I participated in ICRES 2024, the conference about ethics around robotics and AIs. The president of SFWJ, Dr. Osawa, introduced me to a keynote speech. I titled my speech The Dignity of Silicon: Envisioning a Future of Respectful Synergy with Artificial Beings. As an SF writer who writes about AIs, I am interested in how we will live with them in the future.
In this keynote, I spoke about Asimov’s Three Laws of Robots and read my flash fiction “Mother Under the Glass.” I selected this classic theme because generative AI’s development changed the situation.
- A robot may not injure a human being or, through inaction, allow a human being to come to harm.
- A robot must obey the orders given it by human beings except where such orders would conflict with the First Law.
- A robot must protect its own existence as long as such protection does not conflict with the First or Second Law.
These laws are an excellent example of how imaginative regulation can be envisioned. Unlike Frankenstein’s monster seeking revenge on its creator or the robots in Karel Čapek’s R.U.R. attempting to replace humans, Asimov designed these constraints to portray robots as companions to humans and industrial products. It is a good one, but these laws were compiled 80 years ago, before the modern computer age. Asimov and his editor made these in 1940 (or around these two years) when a year after Alan Turing started to develop Bombe. In those years, the idea that natural language might be compiled as a machinery rule might be natural. Asimov’s idea, algorism was not software running on hardware; it was made of wiring positron chips directly. The First Noiman computer was worked (1951) after Asimov published I, Robot. Asimov’s robots were born in a different situation, surrounded by computers.
Three Laws got older. However, the development of generative AI has brought them to our attention. Today, watch the rules, you shall imagined prompts. Many AI followers mess around with the natural language to operate computers, and some work, like Three Laws. Then I speech about it.
I told them how these laws work in fiction writing and discussed the development of thrillers with talking on Liar! (1941). I also picked Bicentennial Man for its complex theme around the Third Law. Different from 1st and 2nd Law those are limitations, 3rd Law is for will. And Andrew, the protagonist of Bicentennial Man, decides to cut it off to be human-being. It’s quite a complex story, but it is well acceptable. I pointed it out.
The Second part of my keynote was reading fiction about AI, Mother Under the Glass. I wrote it up as flash fiction to read the whole story during the keynote. I’ll rewrite it as a short story and will submit it somewhere.
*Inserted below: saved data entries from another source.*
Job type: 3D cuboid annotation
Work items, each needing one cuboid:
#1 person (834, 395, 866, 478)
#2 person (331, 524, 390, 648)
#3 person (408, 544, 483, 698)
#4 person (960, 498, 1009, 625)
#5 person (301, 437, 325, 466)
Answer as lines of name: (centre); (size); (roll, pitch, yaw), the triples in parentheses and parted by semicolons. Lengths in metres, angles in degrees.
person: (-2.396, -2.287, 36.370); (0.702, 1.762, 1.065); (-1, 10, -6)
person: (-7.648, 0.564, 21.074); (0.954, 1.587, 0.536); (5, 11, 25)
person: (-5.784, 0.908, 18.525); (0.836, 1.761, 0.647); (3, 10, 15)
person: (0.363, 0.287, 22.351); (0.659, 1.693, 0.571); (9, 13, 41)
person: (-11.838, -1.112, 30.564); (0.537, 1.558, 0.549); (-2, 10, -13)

This is excerpts of Mother Under the Glass.
Mother Under the Glass
I arrived at Charles de Gaulle Airport Terminal 1, circled the round terminal building, and chose one of the many escalators flying between the atriums. The escalator, slightly faster than those in Japan, quickly transported me to the arrival floor crowded with tourists. I walked through the corridor near to the bus terminal where we had agreed to meet. As I rounded half of the building, I spotted my mother standing beside a large suitcase. Slender for her age, she wore a white blouse and beige slacks I had not seen before.
“Welcome to Paris, Mom.”
I called out as I approached her. I placed my hand on her shoulder, made a kissing sound against her cheek as the French do. My mother, wide-eyed, grabbed my fingers from her shoulder and squeezed it tightly in front of her breast.
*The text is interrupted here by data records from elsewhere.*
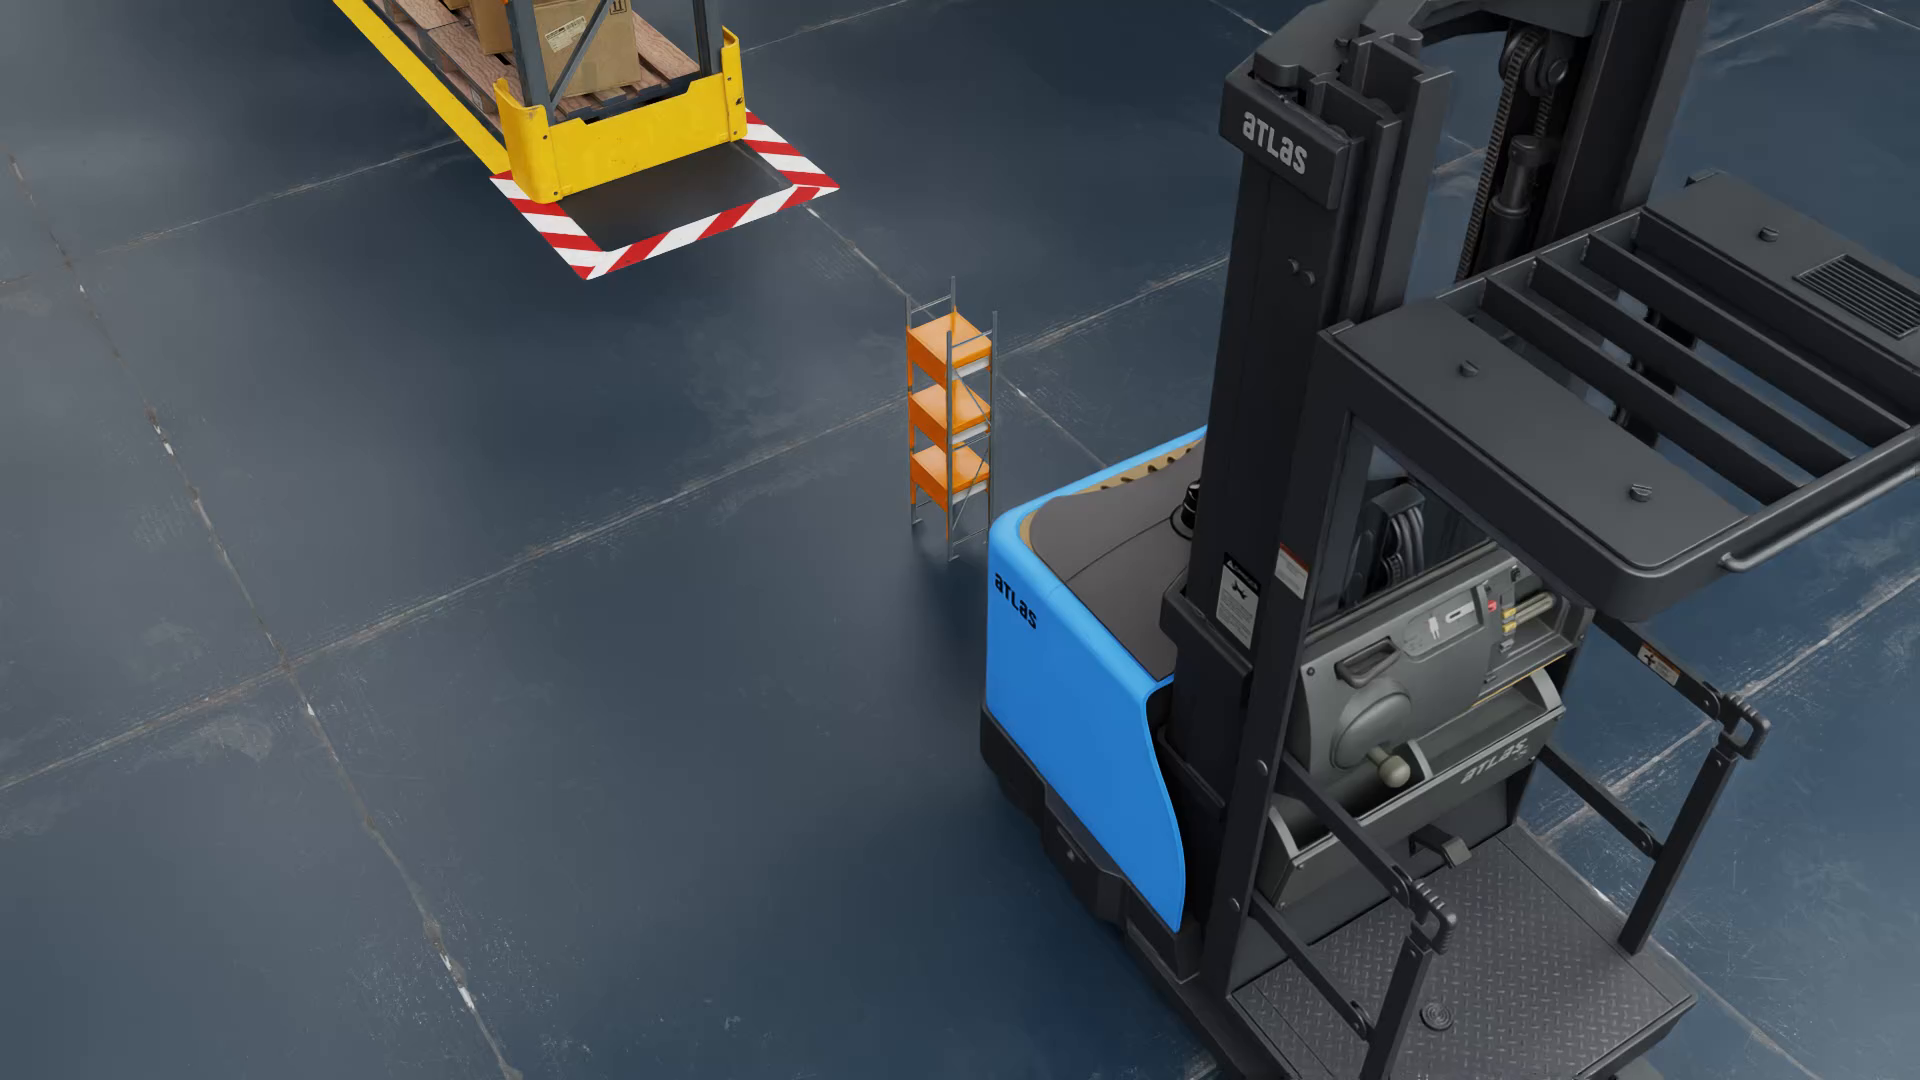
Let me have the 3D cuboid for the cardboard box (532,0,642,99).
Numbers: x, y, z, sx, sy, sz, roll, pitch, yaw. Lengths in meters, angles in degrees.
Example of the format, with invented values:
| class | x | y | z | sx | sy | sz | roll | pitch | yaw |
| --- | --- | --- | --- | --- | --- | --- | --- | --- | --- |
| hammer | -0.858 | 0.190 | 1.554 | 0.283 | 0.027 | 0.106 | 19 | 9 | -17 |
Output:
| class | x | y | z | sx | sy | sz | roll | pitch | yaw |
| --- | --- | --- | --- | --- | --- | --- | --- | --- | --- |
| cardboard box | -1.925 | -2.563 | 8.269 | 0.500 | 0.500 | 0.500 | -17 | 46 | -17 |

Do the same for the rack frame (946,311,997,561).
| class | x | y | z | sx | sy | sz | roll | pitch | yaw |
| --- | --- | --- | --- | --- | --- | --- | --- | --- | --- |
| rack frame | 0.039 | -0.341 | 5.847 | 0.200 | 1.050 | 0.008 | -26 | 49 | -24 |

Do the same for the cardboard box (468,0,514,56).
| class | x | y | z | sx | sy | sz | roll | pitch | yaw |
| --- | --- | --- | --- | --- | --- | --- | --- | --- | --- |
| cardboard box | -2.295 | -2.888 | 8.609 | 0.500 | 0.500 | 0.500 | -14 | 45 | -14 |

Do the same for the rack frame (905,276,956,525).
| class | x | y | z | sx | sy | sz | roll | pitch | yaw |
| --- | --- | --- | --- | --- | --- | --- | --- | --- | --- |
| rack frame | -0.100 | -0.479 | 5.992 | 0.200 | 1.050 | 0.008 | -26 | 49 | -24 |

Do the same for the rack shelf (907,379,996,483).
| class | x | y | z | sx | sy | sz | roll | pitch | yaw |
| --- | --- | --- | --- | --- | --- | --- | --- | --- | --- |
| rack shelf | -0.031 | -0.402 | 5.927 | 0.215 | 0.259 | 0.240 | -26 | 49 | -24 |

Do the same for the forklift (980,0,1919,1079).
| class | x | y | z | sx | sy | sz | roll | pitch | yaw |
| --- | --- | --- | --- | --- | --- | --- | --- | --- | --- |
| forklift | 1.275 | 0.342 | 3.769 | 1.130 | 2.935 | 3.031 | -23 | 48 | -23 |

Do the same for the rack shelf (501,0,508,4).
| class | x | y | z | sx | sy | sz | roll | pitch | yaw |
| --- | --- | --- | --- | --- | --- | --- | --- | --- | --- |
| rack shelf | -2.726 | -3.828 | 8.608 | 1.077 | 0.370 | 4.000 | -26 | 49 | -24 |

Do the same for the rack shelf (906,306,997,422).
| class | x | y | z | sx | sy | sz | roll | pitch | yaw |
| --- | --- | --- | --- | --- | --- | --- | --- | --- | --- |
| rack shelf | -0.031 | -0.608 | 5.731 | 0.215 | 0.259 | 0.240 | -26 | 49 | -24 |

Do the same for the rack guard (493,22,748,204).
| class | x | y | z | sx | sy | sz | roll | pitch | yaw |
| --- | --- | --- | --- | --- | --- | --- | --- | --- | --- |
| rack guard | -1.625 | -2.094 | 8.081 | 1.175 | 0.500 | 0.348 | -26 | 49 | -24 |

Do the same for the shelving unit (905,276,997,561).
| class | x | y | z | sx | sy | sz | roll | pitch | yaw |
| --- | --- | --- | --- | --- | --- | --- | --- | --- | --- |
| shelving unit | -0.031 | -0.410 | 5.919 | 0.215 | 1.050 | 0.252 | -26 | 49 | -24 |

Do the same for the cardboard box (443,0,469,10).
| class | x | y | z | sx | sy | sz | roll | pitch | yaw |
| --- | --- | --- | --- | --- | --- | --- | --- | --- | --- |
| cardboard box | -2.638 | -3.250 | 8.988 | 0.500 | 0.500 | 0.500 | -21 | 48 | -21 |

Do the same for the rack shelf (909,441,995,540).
| class | x | y | z | sx | sy | sz | roll | pitch | yaw |
| --- | --- | --- | --- | --- | --- | --- | --- | --- | --- |
| rack shelf | -0.031 | -0.201 | 6.118 | 0.215 | 0.259 | 0.240 | -26 | 49 | -24 |

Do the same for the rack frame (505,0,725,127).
| class | x | y | z | sx | sy | sz | roll | pitch | yaw |
| --- | --- | --- | --- | --- | --- | --- | --- | --- | --- |
| rack frame | -1.582 | -2.955 | 7.173 | 1.000 | 3.000 | 0.127 | -26 | 49 | -24 |

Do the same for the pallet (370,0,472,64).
| class | x | y | z | sx | sy | sz | roll | pitch | yaw |
| --- | --- | --- | --- | --- | --- | --- | --- | --- | --- |
| pallet | -2.755 | -3.154 | 9.401 | 1.003 | 0.211 | 1.213 | -26 | 49 | -24 |

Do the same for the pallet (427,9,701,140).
| class | x | y | z | sx | sy | sz | roll | pitch | yaw |
| --- | --- | --- | --- | --- | --- | --- | --- | --- | --- |
| pallet | -2.061 | -2.464 | 8.678 | 1.003 | 0.211 | 1.213 | -26 | 49 | -24 |

“My, you’ve grown so much. I have such fond memories of Paris.”
I just smiled. If I asked her about it, she would tell me how she struggled to find a bakery when English failed her, got heatstroke in front of the Pompidou Center, or drunken with wine.
However, she has never been to Paris.
And this isn’t even the real Paris. This is Paris Twin Classic, a Virtual Reallity space operated by the City of Paris. The meticulously recreated Charles de Gaulle Airport, down to each stained tile, is merely an avatar spawn point. And as for my mother… Today is the first time I’ve met her in person. It’s also the first time I’ve known her height. Until today, she was a generated image seen under the glasses. My mother is a child developing AI personality created by a large-scale language model in the late 2020s…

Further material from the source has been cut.